Their achilles heal though continues to be browsability and searching. It is obviously a great place to go if you know exactly what you want, but continues to be a poor experience if you are browsing for an item or don't know what you want. There continues to be duplicate listings for the same items (some listed by 1st party and some by 3rd party), and it is very tough to browse items. Once they actually figure this out and implement, that's when this will really become game over (at least domestically)

2 comments

One thing I note is that their recommendations aren't terribly smart.

I mean, I bought a coffee table through Amazon a few months ago. After buying the table, for several weeks it kept showing me coffee table recommendations.
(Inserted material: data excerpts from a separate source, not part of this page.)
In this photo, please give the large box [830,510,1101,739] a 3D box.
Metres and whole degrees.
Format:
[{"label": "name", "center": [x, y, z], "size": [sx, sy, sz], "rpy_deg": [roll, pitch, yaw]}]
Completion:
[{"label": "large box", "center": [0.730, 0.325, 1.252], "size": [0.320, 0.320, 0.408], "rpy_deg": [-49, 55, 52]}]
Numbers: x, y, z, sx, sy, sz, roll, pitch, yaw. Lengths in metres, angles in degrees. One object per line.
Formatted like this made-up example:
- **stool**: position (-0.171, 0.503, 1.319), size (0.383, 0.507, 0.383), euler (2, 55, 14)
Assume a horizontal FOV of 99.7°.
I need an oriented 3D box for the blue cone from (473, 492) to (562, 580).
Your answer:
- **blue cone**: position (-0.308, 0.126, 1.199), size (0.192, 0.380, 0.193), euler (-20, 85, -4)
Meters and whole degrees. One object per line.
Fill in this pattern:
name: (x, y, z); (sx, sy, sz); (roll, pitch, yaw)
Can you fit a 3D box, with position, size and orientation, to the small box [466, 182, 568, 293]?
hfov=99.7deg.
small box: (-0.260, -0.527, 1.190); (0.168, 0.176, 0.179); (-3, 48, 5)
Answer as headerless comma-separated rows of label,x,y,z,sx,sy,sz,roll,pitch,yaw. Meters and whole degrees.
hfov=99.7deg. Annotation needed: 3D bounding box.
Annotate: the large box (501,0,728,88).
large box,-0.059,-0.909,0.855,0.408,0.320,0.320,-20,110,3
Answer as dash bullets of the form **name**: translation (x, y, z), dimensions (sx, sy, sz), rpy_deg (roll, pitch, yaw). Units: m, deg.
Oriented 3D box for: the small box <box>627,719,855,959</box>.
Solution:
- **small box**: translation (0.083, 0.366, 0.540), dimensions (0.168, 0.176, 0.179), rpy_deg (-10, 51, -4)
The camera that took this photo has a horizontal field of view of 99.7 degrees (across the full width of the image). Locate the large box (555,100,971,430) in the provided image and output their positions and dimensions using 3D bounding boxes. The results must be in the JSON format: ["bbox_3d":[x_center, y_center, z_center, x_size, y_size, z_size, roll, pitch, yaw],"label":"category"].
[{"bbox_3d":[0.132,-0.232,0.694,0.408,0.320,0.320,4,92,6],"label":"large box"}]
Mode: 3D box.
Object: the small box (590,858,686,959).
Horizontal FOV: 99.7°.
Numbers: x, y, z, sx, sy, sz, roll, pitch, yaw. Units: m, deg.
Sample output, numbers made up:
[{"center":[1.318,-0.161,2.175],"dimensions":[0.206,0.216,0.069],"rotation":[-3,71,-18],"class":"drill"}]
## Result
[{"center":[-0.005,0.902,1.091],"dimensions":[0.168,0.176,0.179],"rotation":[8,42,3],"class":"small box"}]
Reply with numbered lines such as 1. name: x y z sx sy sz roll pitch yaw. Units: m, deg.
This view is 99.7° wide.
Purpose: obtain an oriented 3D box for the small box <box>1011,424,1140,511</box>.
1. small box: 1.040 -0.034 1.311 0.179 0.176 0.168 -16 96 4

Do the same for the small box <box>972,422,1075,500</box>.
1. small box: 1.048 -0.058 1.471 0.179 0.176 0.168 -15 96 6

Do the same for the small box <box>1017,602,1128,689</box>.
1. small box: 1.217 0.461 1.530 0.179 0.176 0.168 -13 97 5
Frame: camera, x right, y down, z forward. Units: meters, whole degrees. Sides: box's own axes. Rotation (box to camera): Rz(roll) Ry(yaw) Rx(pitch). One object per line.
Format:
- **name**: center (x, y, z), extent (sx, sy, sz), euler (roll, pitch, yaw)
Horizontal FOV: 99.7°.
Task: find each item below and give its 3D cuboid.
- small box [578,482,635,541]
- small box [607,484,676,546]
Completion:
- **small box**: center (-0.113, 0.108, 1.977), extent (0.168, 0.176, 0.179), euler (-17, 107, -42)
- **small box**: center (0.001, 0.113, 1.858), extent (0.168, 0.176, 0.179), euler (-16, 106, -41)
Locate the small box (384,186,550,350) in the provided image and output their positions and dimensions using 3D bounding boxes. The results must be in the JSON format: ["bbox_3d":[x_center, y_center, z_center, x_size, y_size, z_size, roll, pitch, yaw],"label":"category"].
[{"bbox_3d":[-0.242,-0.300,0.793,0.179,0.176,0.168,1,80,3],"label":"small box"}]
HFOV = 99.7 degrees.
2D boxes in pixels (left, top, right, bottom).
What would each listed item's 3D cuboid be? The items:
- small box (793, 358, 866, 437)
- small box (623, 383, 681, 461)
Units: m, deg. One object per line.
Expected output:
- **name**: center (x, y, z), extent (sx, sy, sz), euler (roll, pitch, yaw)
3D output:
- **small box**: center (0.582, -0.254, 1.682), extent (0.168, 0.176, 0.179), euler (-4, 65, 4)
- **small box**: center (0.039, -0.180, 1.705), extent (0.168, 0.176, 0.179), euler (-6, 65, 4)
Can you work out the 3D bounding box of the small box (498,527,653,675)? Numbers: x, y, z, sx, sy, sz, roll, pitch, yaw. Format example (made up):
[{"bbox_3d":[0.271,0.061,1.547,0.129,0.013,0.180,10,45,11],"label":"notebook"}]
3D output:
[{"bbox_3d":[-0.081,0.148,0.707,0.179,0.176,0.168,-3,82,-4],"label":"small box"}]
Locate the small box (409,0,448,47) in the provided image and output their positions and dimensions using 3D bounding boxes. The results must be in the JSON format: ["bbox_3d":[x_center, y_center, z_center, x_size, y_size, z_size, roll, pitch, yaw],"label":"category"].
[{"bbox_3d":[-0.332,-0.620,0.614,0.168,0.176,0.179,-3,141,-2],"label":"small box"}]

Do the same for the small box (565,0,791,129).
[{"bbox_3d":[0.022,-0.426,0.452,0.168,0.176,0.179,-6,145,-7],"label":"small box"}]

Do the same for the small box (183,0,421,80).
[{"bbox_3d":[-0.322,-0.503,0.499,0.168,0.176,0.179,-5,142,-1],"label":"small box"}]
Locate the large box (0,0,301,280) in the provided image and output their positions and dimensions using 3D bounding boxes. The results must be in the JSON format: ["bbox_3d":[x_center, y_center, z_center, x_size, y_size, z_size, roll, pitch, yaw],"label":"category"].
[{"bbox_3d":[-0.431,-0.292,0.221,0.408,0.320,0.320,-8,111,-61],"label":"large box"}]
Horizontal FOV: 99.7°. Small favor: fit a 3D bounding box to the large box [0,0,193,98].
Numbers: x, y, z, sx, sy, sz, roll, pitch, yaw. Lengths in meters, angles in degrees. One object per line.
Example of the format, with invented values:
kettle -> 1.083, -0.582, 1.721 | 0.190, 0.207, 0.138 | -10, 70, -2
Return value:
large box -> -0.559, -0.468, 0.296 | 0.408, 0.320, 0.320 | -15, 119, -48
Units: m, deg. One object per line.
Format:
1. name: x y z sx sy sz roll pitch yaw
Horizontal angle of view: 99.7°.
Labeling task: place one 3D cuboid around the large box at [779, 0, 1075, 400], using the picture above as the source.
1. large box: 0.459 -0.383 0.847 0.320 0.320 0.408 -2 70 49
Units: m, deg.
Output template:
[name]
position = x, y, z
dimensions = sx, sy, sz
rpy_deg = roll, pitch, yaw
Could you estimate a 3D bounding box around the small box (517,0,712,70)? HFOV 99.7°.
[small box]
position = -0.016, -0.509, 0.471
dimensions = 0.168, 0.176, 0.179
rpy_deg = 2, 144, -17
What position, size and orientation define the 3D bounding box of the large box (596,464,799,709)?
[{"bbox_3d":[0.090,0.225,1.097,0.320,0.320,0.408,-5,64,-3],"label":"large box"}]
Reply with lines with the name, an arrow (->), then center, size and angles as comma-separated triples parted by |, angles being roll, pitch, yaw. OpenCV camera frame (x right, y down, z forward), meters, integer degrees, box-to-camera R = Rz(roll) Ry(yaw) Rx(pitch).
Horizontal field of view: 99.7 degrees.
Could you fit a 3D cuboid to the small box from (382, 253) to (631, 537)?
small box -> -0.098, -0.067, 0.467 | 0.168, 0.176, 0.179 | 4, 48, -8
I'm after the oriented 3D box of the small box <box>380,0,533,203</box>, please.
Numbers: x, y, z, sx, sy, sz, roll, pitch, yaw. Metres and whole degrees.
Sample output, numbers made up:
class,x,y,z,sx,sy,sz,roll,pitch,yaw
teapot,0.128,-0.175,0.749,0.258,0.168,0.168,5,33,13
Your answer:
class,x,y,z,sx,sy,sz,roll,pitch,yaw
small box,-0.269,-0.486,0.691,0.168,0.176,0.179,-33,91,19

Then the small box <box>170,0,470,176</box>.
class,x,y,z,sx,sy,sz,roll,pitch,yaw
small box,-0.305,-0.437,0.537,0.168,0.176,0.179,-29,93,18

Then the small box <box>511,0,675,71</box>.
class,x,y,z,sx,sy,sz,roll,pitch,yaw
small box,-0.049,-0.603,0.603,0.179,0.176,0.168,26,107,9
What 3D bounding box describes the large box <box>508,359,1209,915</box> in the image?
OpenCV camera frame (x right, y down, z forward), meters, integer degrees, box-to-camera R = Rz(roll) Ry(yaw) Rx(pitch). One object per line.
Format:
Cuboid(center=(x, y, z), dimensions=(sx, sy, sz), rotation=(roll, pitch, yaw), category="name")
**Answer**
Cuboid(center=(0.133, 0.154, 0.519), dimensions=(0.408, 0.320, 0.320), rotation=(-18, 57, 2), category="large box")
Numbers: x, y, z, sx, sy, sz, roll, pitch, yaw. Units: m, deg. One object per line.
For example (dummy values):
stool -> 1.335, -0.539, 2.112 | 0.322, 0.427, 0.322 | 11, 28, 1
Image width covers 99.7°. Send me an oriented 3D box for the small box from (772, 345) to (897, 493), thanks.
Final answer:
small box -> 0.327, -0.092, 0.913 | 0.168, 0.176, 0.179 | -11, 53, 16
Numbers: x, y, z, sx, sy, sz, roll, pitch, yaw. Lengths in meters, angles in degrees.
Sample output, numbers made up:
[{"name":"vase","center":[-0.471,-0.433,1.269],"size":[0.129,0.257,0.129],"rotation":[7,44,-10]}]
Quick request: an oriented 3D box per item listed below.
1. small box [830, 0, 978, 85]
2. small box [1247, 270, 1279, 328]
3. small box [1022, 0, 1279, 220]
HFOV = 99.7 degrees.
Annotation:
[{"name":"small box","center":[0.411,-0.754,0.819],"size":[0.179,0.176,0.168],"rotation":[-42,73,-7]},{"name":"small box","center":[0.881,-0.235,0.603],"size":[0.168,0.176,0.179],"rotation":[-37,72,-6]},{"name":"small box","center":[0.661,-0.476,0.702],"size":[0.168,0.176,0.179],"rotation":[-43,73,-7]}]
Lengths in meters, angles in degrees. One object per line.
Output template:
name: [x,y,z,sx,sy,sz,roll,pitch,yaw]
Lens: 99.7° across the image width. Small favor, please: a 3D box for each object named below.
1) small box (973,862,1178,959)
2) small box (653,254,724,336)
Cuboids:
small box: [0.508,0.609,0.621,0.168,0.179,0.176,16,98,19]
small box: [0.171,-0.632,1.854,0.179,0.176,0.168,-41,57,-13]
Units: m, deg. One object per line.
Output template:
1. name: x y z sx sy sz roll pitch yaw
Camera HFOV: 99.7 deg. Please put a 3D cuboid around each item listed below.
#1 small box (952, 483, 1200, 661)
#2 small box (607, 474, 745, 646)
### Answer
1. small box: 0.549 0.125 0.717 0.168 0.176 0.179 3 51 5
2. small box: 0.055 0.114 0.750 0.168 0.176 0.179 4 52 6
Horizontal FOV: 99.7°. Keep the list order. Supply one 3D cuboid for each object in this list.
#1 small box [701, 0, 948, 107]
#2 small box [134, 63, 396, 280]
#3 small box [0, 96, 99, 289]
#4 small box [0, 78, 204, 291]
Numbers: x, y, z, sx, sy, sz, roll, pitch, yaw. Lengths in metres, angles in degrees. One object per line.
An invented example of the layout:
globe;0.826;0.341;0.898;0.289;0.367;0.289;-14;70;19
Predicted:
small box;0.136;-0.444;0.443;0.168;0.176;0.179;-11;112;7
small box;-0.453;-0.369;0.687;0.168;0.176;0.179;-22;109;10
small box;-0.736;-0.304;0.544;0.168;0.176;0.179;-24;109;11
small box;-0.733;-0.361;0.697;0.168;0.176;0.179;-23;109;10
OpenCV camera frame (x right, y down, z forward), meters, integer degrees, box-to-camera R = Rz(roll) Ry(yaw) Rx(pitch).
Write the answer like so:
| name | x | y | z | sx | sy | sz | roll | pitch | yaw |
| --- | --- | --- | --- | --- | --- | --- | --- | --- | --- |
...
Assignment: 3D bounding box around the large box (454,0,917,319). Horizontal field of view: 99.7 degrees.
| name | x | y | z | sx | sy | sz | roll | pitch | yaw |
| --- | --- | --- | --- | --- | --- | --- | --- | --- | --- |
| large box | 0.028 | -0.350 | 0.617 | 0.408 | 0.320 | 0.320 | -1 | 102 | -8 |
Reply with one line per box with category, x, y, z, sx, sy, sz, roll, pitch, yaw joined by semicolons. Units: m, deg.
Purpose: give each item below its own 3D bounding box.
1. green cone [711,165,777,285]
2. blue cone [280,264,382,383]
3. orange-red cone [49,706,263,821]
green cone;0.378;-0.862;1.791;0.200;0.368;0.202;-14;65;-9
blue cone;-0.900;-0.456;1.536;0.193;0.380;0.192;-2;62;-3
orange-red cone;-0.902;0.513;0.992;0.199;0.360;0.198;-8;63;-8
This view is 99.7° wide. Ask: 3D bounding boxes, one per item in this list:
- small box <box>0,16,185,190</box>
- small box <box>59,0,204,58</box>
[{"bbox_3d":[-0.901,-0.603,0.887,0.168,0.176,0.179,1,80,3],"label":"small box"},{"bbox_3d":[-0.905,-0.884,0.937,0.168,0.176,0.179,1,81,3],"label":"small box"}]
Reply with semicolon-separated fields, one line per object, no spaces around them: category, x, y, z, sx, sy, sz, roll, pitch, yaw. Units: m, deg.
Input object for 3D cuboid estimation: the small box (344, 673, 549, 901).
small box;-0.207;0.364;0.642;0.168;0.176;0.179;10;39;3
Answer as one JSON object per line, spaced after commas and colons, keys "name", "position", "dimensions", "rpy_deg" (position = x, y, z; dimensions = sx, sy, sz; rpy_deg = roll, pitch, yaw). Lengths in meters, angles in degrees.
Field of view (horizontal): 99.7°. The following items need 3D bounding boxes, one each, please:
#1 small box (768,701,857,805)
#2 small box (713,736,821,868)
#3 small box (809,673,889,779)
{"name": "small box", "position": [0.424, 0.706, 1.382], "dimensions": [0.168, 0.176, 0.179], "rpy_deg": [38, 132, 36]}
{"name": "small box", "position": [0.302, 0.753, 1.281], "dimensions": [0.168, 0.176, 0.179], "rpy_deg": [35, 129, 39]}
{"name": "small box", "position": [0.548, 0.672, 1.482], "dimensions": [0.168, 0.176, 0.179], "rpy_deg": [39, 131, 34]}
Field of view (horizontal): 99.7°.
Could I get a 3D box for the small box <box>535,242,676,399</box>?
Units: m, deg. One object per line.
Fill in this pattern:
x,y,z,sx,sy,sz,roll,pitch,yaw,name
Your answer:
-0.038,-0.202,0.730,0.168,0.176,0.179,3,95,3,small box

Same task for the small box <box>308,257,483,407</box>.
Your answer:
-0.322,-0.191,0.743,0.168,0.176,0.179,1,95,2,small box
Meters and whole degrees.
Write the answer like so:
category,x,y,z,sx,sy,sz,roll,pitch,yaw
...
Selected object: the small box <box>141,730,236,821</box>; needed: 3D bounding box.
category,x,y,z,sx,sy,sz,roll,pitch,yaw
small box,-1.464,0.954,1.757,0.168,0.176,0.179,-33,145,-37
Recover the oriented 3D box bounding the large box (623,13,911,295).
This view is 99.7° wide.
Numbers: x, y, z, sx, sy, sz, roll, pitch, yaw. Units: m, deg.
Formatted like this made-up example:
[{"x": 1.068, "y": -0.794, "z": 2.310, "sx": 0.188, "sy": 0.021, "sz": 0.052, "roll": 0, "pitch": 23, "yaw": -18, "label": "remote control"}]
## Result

I would think Amazon would be smart enough to try and sell other living room furniture or things to put atop the coffee table I just bought, rather than trying to sell me more coffee tables.

Their recommendations feel to me like the recommendation engine is still more or less the one they had when they were mainly an online bookstore. So they assume you want things similar to the item you bought: other novels in the same genre, nonfiction books on similar subjects etc. Works fine for books, less well for coffee tables.
Hmm, I think it's smarter than that.

Every year around burning man time it "notices" that I'm buying supplies for burning man, and starts recommending me things like baby wipes, which are completely unrelated (naively) to things like lag screws, rebar pullers, etc.

I suspect that's the impact of other burners also shopping, generating a good list of "people who bought A and B also bought C, D, E...". As soon as you hit A & B, you trigger the rest, while the average person doesn't.
It could just be recommending things you buy seasonally, without recognizing the relationship between the items.

Try buying lag screws, rebar pullers, etc. in 6 months and see if it recommends your baby wipes.

Think of this next time you worry about the singularity AI taking over the world.
It makes the idea of a trying-to-be-helpful AI scarier. Imagine a post-scarcity world in which you merely have to ask for whatever you want and it'll be delivered to you for free, but everyone still lives in squalor because if you ask for a coffee table you'll instead get one of every type of coffee table ever made and then starve to death in your house because the food delivery drones can't fit through the wall of coffee tables.
You could feed them to termites then cook them.
Autofac.
> Their achilles heal though continues to be browsability and searching. It is obviously a great place to go if you know exactly what you want, but continues to be a poor experience if you are browsing for an item or don't know what you want. There continues to be duplicate listings for the same items (some listed by 1st party and some by 3rd party), and it is very tough to browse items. Once they actually figure this out and implement, that's when this will really become game over (at least domestically)

Their catalog is getting so bad that I can't even find things when I know exactly what I want.